I don’t get why people are so shallow about their ideas or what they’re trying to do and just stop. I worked every shitty job ever. I used to work stock for Nike, now I’m getting interviewed about Nike, that’s psychotic. It’s so cliche to say, yo, never give up and keep hustling, but this is real life, and anything you want you can get, it’s just up to you to go get it. But it’s also about having the right etiquette — that’s how you’re acknowledged, you gotta play your part. It took me a long time for people to think that I actually know what I’m talking about and that I wasn’t out of my fucking mind.
What is a dream collaboration for you?
Nike or Stone Island. I’d probably collab with Apple on a Bluetooth just to be a troll.
Talk to me about the United Front movement in Toronto back in the day, and what streetwear culture was like in the city back when you were coming up.
That was an insane time. 431 Richmond was literally a gold mine. Anybody that came out of there ended up doing something. Two of them are like the two biggest pop stars now — Drake and The Weeknd; they used to hang out there all the time. That was like my childhood. I was an overweight, annoying kid who just used to hang out at a store and pester them all day, to see shoes, and see releases and have access to things that I would have never saw. Those were still the MySpace days, and there was NikeTalk — shouts to NikeTalk. I am thankful to Matt George for aligning and opening that opportunity for all of us. It was a clubhouse for awhile. I used to work at Nomad, and I helped close the store down, seeing that building empty was heartbreaking. Now it’s a condo. That was just a crazy place with crazy energy. There were so many iconic moments.
What is the streetwear culture in Toronto like now?
It’s just different. You can just buy your outfit online, put it on, walk down Queen Street and people will think you’re cool. Back in the day, you had to be cool to even be around. For some people, it might have been intimidating. You had to be up on cool shit to be cool, whereas now, you can buy your identity, buy your Instagram followers, start a vlog, and you’re cool.
What do you think about what Drake and the OVO brand are doing?
It’s fun to see somebody evolve from the rap world into the garment industry and do it so well and flawlessly.
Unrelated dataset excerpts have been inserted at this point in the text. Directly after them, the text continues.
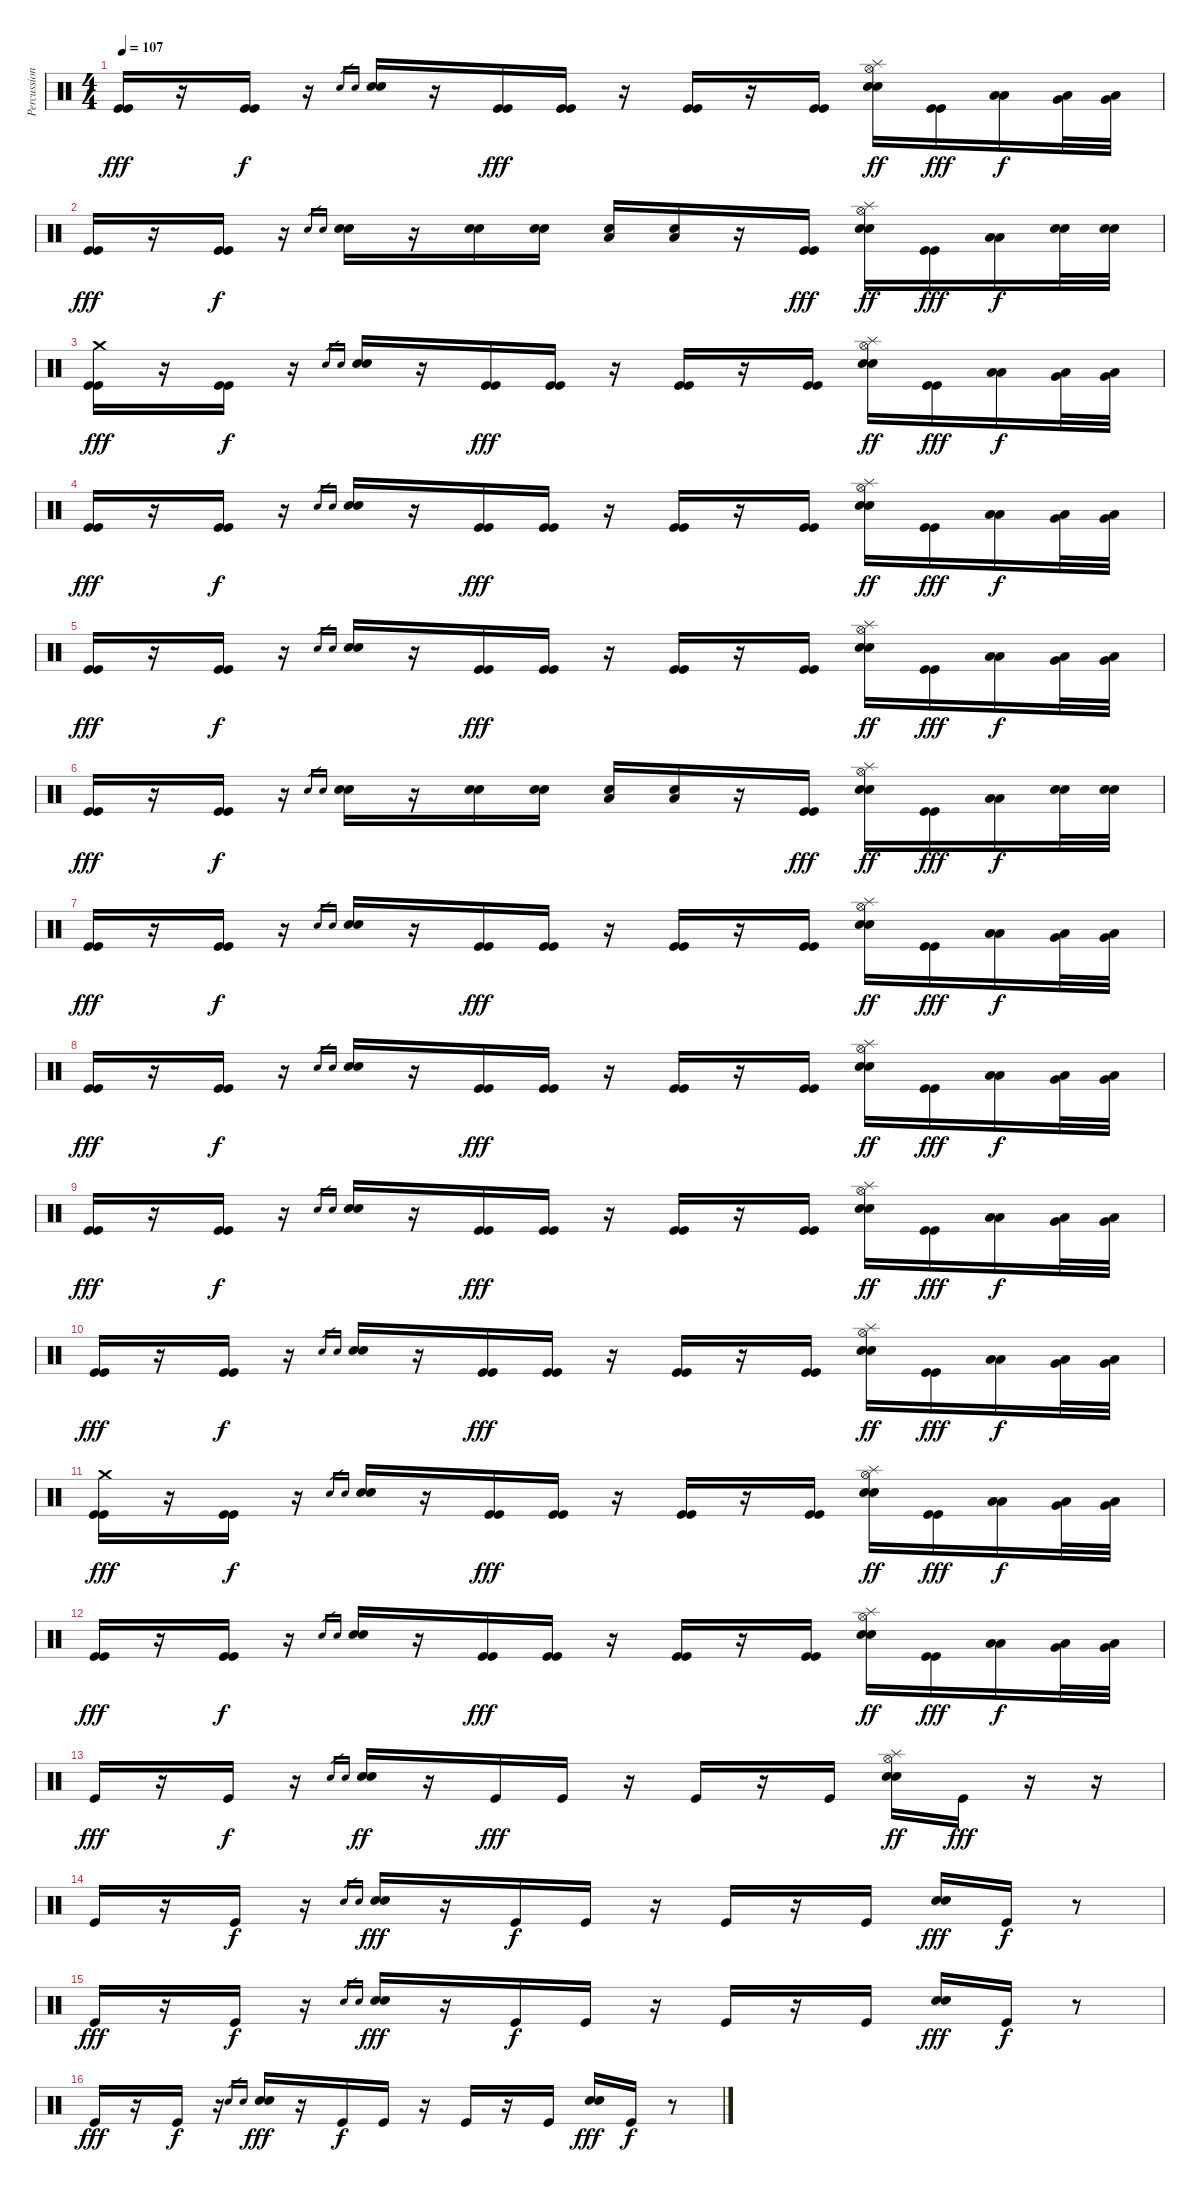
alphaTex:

\track ("Percussions" "Percussion") {instrument percussion}
\staff {score}
\articulation defaults
\ts (4 4)
\tempo 107
\clef neutral
\ks c
("Kick (hit)" "Kick (hit)").16{dy fff} r.16 ("Kick (hit)" "Kick (hit)").16{dy f} r.16 "Electric Snare (hit)".16{gr} "Electric Snare (hit)".16{gr} ("Electric Snare (hit)" "Electric Snare (hit)").16 r.16 ("Kick (hit)" "Kick (hit)").16{dy fff} ("Kick (hit)" "Kick (hit)").16 r.16 ("Kick (hit)" "Kick (hit)").16 r.16 ("Kick (hit)" "Kick (hit)").16 ("Splash (hit)" "Hi-Hat (open)" "Electric Snare (hit)" "Electric Snare (hit)").16{dy ff} ("Kick (hit)" "Kick (hit)").16{dy fff} ("Low Floor Tom (hit)" "Low Floor Tom (hit)").16{dy f} ("Low Floor Tom (hit)" "Very Low Tom (hit)").32 ("Very Low Tom (hit)" "Low Tom (hit)").32 |
("Kick (hit)" "Kick (hit)").16{dy fff} r.16 ("Kick (hit)" "Kick (hit)").16{dy f} r.16 "Electric Snare (hit)".16{gr} "Electric Snare (hit)".16{gr} ("Electric Snare (hit)" "Electric Snare (hit)").16 r.16 ("Electric Snare (hit)" "Electric Snare (hit)").16 ("Electric Snare (hit)" "Electric Snare (hit)").16 ("Low Floor Tom (hit)" "Electric Snare (hit)").16 ("Low Floor Tom (hit)" "Electric Snare (hit)").16 r.16 ("Kick (hit)" "Kick (hit)").16{dy fff} ("Splash (hit)" "Hi-Hat (open)" "Electric Snare (hit)" "Electric Snare (hit)").16{dy ff} ("Kick (hit)" "Kick (hit)").16{dy fff} ("Low Floor Tom (hit)" "Low Floor Tom (hit)").16{dy f} ("Electric Snare (hit)" "Electric Snare (hit)").32 ("Electric Snare (hit)" "Electric Snare (hit)").32 |
("Crash medium (hit)" "Kick (hit)" "Kick (hit)").16{dy fff} r.16 ("Kick (hit)" "Kick (hit)").16{dy f} r.16 "Electric Snare (hit)".16{gr} "Electric Snare (hit)".16{gr} ("Electric Snare (hit)" "Electric Snare (hit)").16 r.16 ("Kick (hit)" "Kick (hit)").16{dy fff} ("Kick (hit)" "Kick (hit)").16 r.16 ("Kick (hit)" "Kick (hit)").16 r.16 ("Kick (hit)" "Kick (hit)").16 ("Splash (hit)" "Hi-Hat (open)" "Electric Snare (hit)" "Electric Snare (hit)").16{dy ff} ("Kick (hit)" "Kick (hit)").16{dy fff} ("Low Floor Tom (hit)" "Low Floor Tom (hit)").16{dy f} ("Low Floor Tom (hit)" "Very Low Tom (hit)").32 ("Very Low Tom (hit)" "Low Tom (hit)").32 |
("Kick (hit)" "Kick (hit)").16{dy fff} r.16 ("Kick (hit)" "Kick (hit)").16{dy f} r.16 "Electric Snare (hit)".16{gr} "Electric Snare (hit)".16{gr} ("Electric Snare (hit)" "Electric Snare (hit)").16 r.16 ("Kick (hit)" "Kick (hit)").16{dy fff} ("Kick (hit)" "Kick (hit)").16 r.16 ("Kick (hit)" "Kick (hit)").16 r.16 ("Kick (hit)" "Kick (hit)").16 ("Splash (hit)" "Hi-Hat (open)" "Electric Snare (hit)" "Electric Snare (hit)").16{dy ff} ("Kick (hit)" "Kick (hit)").16{dy fff} ("Low Floor Tom (hit)" "Low Floor Tom (hit)").16{dy f} ("Low Floor Tom (hit)" "Very Low Tom (hit)").32 ("Very Low Tom (hit)" "Low Tom (hit)").32 |
("Kick (hit)" "Kick (hit)").16{dy fff} r.16 ("Kick (hit)" "Kick (hit)").16{dy f} r.16 "Electric Snare (hit)".16{gr} "Electric Snare (hit)".16{gr} ("Electric Snare (hit)" "Electric Snare (hit)").16 r.16 ("Kick (hit)" "Kick (hit)").16{dy fff} ("Kick (hit)" "Kick (hit)").16 r.16 ("Kick (hit)" "Kick (hit)").16 r.16 ("Kick (hit)" "Kick (hit)").16 ("Splash (hit)" "Hi-Hat (open)" "Electric Snare (hit)" "Electric Snare (hit)").16{dy ff} ("Kick (hit)" "Kick (hit)").16{dy fff} ("Low Floor Tom (hit)" "Low Floor Tom (hit)").16{dy f} ("Low Floor Tom (hit)" "Very Low Tom (hit)").32 ("Very Low Tom (hit)" "Low Tom (hit)").32 |
("Kick (hit)" "Kick (hit)").16{dy fff} r.16 ("Kick (hit)" "Kick (hit)").16{dy f} r.16 "Electric Snare (hit)".16{gr} "Electric Snare (hit)".16{gr} ("Electric Snare (hit)" "Electric Snare (hit)").16 r.16 ("Electric Snare (hit)" "Electric Snare (hit)").16 ("Electric Snare (hit)" "Electric Snare (hit)").16 ("Low Floor Tom (hit)" "Electric Snare (hit)").16 ("Low Floor Tom (hit)" "Electric Snare (hit)").16 r.16 ("Kick (hit)" "Kick (hit)").16{dy fff} ("Splash (hit)" "Hi-Hat (open)" "Electric Snare (hit)" "Electric Snare (hit)").16{dy ff} ("Kick (hit)" "Kick (hit)").16{dy fff} ("Low Floor Tom (hit)" "Low Floor Tom (hit)").16{dy f} ("Electric Snare (hit)" "Electric Snare (hit)").32 ("Electric Snare (hit)" "Electric Snare (hit)").32 |
("Kick (hit)" "Kick (hit)").16{dy fff} r.16 ("Kick (hit)" "Kick (hit)").16{dy f} r.16 "Electric Snare (hit)".16{gr} "Electric Snare (hit)".16{gr} ("Electric Snare (hit)" "Electric Snare (hit)").16 r.16 ("Kick (hit)" "Kick (hit)").16{dy fff} ("Kick (hit)" "Kick (hit)").16 r.16 ("Kick (hit)" "Kick (hit)").16 r.16 ("Kick (hit)" "Kick (hit)").16 ("Splash (hit)" "Hi-Hat (open)" "Electric Snare (hit)" "Electric Snare (hit)").16{dy ff} ("Kick (hit)" "Kick (hit)").16{dy fff} ("Low Floor Tom (hit)" "Low Floor Tom (hit)").16{dy f} ("Low Floor Tom (hit)" "Very Low Tom (hit)").32 ("Very Low Tom (hit)" "Low Tom (hit)").32 |
("Kick (hit)" "Kick (hit)").16{dy fff} r.16 ("Kick (hit)" "Kick (hit)").16{dy f} r.16 "Electric Snare (hit)".16{gr} "Electric Snare (hit)".16{gr} ("Electric Snare (hit)" "Electric Snare (hit)").16 r.16 ("Kick (hit)" "Kick (hit)").16{dy fff} ("Kick (hit)" "Kick (hit)").16 r.16 ("Kick (hit)" "Kick (hit)").16 r.16 ("Kick (hit)" "Kick (hit)").16 ("Splash (hit)" "Hi-Hat (open)" "Electric Snare (hit)" "Electric Snare (hit)").16{dy ff} ("Kick (hit)" "Kick (hit)").16{dy fff} ("Low Floor Tom (hit)" "Low Floor Tom (hit)").16{dy f} ("Low Floor Tom (hit)" "Very Low Tom (hit)").32 ("Very Low Tom (hit)" "Low Tom (hit)").32 |
("Kick (hit)" "Kick (hit)").16{dy fff} r.16 ("Kick (hit)" "Kick (hit)").16{dy f} r.16 "Electric Snare (hit)".16{gr} "Electric Snare (hit)".16{gr} ("Electric Snare (hit)" "Electric Snare (hit)").16 r.16 ("Kick (hit)" "Kick (hit)").16{dy fff} ("Kick (hit)" "Kick (hit)").16 r.16 ("Kick (hit)" "Kick (hit)").16 r.16 ("Kick (hit)" "Kick (hit)").16 ("Splash (hit)" "Hi-Hat (open)" "Electric Snare (hit)" "Electric Snare (hit)").16{dy ff} ("Kick (hit)" "Kick (hit)").16{dy fff} ("Low Floor Tom (hit)" "Low Floor Tom (hit)").16{dy f} ("Low Floor Tom (hit)" "Very Low Tom (hit)").32 ("Very Low Tom (hit)" "Low Tom (hit)").32 |
("Kick (hit)" "Kick (hit)").16{dy fff} r.16 ("Kick (hit)" "Kick (hit)").16{dy f} r.16 "Electric Snare (hit)".16{gr} "Electric Snare (hit)".16{gr} ("Electric Snare (hit)" "Electric Snare (hit)").16 r.16 ("Kick (hit)" "Kick (hit)").16{dy fff} ("Kick (hit)" "Kick (hit)").16 r.16 ("Kick (hit)" "Kick (hit)").16 r.16 ("Kick (hit)" "Kick (hit)").16 ("Splash (hit)" "Hi-Hat (open)" "Electric Snare (hit)" "Electric Snare (hit)").16{dy ff} ("Kick (hit)" "Kick (hit)").16{dy fff} ("Low Floor Tom (hit)" "Low Floor Tom (hit)").16{dy f} ("Low Floor Tom (hit)" "Very Low Tom (hit)").32 ("Very Low Tom (hit)" "Low Tom (hit)").32 |
("Crash medium (hit)" "Kick (hit)" "Kick (hit)").16{dy fff} r.16 ("Kick (hit)" "Kick (hit)").16{dy f} r.16 "Electric Snare (hit)".16{gr} "Electric Snare (hit)".16{gr} ("Electric Snare (hit)" "Electric Snare (hit)").16 r.16 ("Kick (hit)" "Kick (hit)").16{dy fff} ("Kick (hit)" "Kick (hit)").16 r.16 ("Kick (hit)" "Kick (hit)").16 r.16 ("Kick (hit)" "Kick (hit)").16 ("Splash (hit)" "Hi-Hat (open)" "Electric Snare (hit)" "Electric Snare (hit)").16{dy ff} ("Kick (hit)" "Kick (hit)").16{dy fff} ("Low Floor Tom (hit)" "Low Floor Tom (hit)").16{dy f} ("Low Floor Tom (hit)" "Very Low Tom (hit)").32 ("Very Low Tom (hit)" "Low Tom (hit)").32 |
("Kick (hit)" "Kick (hit)").16{dy fff} r.16 ("Kick (hit)" "Kick (hit)").16{dy f} r.16 "Electric Snare (hit)".16{gr} "Electric Snare (hit)".16{gr} ("Electric Snare (hit)" "Electric Snare (hit)").16 r.16 ("Kick (hit)" "Kick (hit)").16{dy fff} ("Kick (hit)" "Kick (hit)").16 r.16 ("Kick (hit)" "Kick (hit)").16 r.16 ("Kick (hit)" "Kick (hit)").16 ("Splash (hit)" "Hi-Hat (open)" "Electric Snare (hit)" "Electric Snare (hit)").16{dy ff} ("Kick (hit)" "Kick (hit)").16{dy fff} ("Low Floor Tom (hit)" "Low Floor Tom (hit)").16{dy f} ("Low Floor Tom (hit)" "Very Low Tom (hit)").32 ("Very Low Tom (hit)" "Low Tom (hit)").32 |
"Kick (hit)".16{dy fff} r.16 "Kick (hit)".16{dy f} r.16 "Electric Snare (hit)".16{gr} "Electric Snare (hit)".16{gr} ("Electric Snare (hit)" "Electric Snare (hit)").16{dy ff} r.16 "Kick (hit)".16{dy fff} "Kick (hit)".16 r.16 "Kick (hit)".16 r.16 "Kick (hit)".16 ("Splash (hit)" "Hi-Hat (open)" "Electric Snare (hit)" "Electric Snare (hit)").16{dy ff} "Kick (hit)".16{dy fff} r.16 r.16 |
"Kick (hit)".16 r.16 "Kick (hit)".16{dy f} r.16 "Electric Snare (hit)".16{gr} "Electric Snare (hit)".16{gr} ("Electric Snare (hit)" "Electric Snare (hit)").16{dy fff} r.16 "Kick (hit)".16{dy f} "Kick (hit)".16 r.16 "Kick (hit)".16 r.16 "Kick (hit)".16 ("Electric Snare (hit)" "Electric Snare (hit)").16{dy fff} "Kick (hit)".16{dy f} r.8 |
"Kick (hit)".16{dy fff} r.16 "Kick (hit)".16{dy f} r.16 "Electric Snare (hit)".16{gr} "Electric Snare (hit)".16{gr} ("Electric Snare (hit)" "Electric Snare (hit)").16{dy fff} r.16 "Kick (hit)".16{dy f} "Kick (hit)".16 r.16 "Kick (hit)".16 r.16 "Kick (hit)".16 ("Electric Snare (hit)" "Electric Snare (hit)").16{dy fff} "Kick (hit)".16{dy f} r.8 |
"Kick (hit)".16{dy fff} r.16 "Kick (hit)".16{dy f} r.16 "Electric Snare (hit)".16{gr} "Electric Snare (hit)".16{gr} ("Electric Snare (hit)" "Electric Snare (hit)").16{dy fff} r.16 "Kick (hit)".16{dy f} "Kick (hit)".16 r.16 "Kick (hit)".16 r.16 "Kick (hit)".16 ("Electric Snare (hit)" "Electric Snare (hit)").16{dy fff} "Kick (hit)".16{dy f} r.8

The product is good. It’s all made in Canada. For a Canadian company, I’m like, yo I salute you. Respect. I feel like OVO might evolve into a heritage brand. It’s all made in Canada and they have a store in Canada.
I saw you were recently hanging out with Eddie Huang in Toronto.
Me and Eddie became friends through a mutual friend. He came to Toronto, we went to Ali’s Roti and we were just kicking it and got along really well. We bonded over Michael Jordan cologne, and that’s when I was like this guy is real. Our friendship is built off our love for Michael Jordan cologne.
Lastly, we talked about the Air Max 95 earlier, what’s your favorite all-time sneaker?
The Nike Spiridon. It’s just aesthetically the perfect shoe. It looks so good. It’s just perfect. The holographic Swoosh, the 3M reflective. It has a very ’90s aesthetic, especially because Michael Johnson wore it. It was just cool, and it’s poppin’ in Europe. That’s the shoe. And they’re comfortable. Comfort comes first.